According to sources cited by Bloomberg, China is tightening approval for corporate overseas borrowing, as approximately USD100 billion of corporate bonds are set to mature this year. The extended approval process requires companies to provide more details on repayments made before the end of last year and on the use of funds.
Authorities have reportedly extended the time required to approve bond and loan quotas with maturities of one year or longer to four to six months, roughly double the previous duration. In some cases, the approval process may even take up to nine months. To avoid defaults on offshore debt, Chinese enterprises have increasingly issued short-term bonds, making it more difficult to balance investment needs and cash flow.
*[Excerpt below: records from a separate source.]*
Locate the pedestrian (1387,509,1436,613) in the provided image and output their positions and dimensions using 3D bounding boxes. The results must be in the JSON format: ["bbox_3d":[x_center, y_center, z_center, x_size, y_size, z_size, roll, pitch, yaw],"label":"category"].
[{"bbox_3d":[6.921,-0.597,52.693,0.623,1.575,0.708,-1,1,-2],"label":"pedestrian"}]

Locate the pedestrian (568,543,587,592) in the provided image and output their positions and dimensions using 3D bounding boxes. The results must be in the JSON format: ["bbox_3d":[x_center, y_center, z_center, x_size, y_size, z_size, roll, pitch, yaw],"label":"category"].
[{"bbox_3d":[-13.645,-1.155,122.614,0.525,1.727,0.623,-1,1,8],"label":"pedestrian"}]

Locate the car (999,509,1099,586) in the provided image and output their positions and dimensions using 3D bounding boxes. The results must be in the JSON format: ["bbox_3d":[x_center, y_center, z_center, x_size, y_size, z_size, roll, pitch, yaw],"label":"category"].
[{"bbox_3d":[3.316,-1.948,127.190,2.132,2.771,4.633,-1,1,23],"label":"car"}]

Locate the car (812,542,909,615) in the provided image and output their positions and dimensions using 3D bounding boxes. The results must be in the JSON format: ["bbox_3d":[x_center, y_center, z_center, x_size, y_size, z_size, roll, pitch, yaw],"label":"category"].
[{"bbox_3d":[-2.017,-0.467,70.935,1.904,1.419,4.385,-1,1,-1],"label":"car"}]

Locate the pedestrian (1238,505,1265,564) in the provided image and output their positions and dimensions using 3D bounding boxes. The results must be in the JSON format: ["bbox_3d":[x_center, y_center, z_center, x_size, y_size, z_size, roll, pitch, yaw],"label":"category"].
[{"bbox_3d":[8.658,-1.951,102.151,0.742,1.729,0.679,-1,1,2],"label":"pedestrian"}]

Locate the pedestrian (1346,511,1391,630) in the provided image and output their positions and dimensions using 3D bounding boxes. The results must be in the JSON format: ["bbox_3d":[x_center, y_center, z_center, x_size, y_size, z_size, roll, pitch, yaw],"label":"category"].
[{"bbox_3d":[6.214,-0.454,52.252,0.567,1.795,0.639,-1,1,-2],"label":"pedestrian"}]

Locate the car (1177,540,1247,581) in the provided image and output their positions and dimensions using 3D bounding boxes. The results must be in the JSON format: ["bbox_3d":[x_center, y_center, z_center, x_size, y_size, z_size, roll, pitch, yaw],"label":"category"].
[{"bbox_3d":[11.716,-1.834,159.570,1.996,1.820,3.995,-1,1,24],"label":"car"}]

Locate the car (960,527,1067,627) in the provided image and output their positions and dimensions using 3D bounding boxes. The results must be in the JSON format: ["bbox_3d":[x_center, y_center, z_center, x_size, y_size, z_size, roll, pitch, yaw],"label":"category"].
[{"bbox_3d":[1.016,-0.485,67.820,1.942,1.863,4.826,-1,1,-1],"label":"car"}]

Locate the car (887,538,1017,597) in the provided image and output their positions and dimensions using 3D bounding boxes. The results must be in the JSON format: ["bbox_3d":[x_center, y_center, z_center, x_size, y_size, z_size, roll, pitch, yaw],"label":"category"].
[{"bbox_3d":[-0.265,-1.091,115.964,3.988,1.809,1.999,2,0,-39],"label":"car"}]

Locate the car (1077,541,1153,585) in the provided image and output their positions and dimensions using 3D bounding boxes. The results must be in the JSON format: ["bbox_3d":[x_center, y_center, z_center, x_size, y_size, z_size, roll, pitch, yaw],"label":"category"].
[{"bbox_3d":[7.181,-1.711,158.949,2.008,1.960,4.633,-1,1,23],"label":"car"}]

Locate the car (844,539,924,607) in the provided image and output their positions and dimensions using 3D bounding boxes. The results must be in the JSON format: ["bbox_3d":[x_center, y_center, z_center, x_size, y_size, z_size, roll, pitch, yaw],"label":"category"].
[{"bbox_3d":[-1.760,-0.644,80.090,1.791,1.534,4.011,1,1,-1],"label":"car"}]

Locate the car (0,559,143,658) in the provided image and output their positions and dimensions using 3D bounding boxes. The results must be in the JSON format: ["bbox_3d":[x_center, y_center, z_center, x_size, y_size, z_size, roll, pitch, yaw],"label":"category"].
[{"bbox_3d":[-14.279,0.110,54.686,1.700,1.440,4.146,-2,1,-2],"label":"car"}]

Some approvals may only be completed as late as one month before existing bonds mature, creating significant uncertainty for companies.
The report noted that the higher borrowing threshold in the mainland indicates that the central government is further curbing the rising debt of weaker companies and local government financing vehicles. In addition to increasing short-term offshore borrowing, companies have also turned to domestic banks that fall outside the jurisdiction of the National Development and Reform Commission for loans. (mn/da)
This article was automatically translated by AI, the Chinese version should be considered the authoritative version. AASTOCKS.com Limited does not guarantee its accuracy or completeness and accepts no liability for any damages or losses arising from the use of this translation.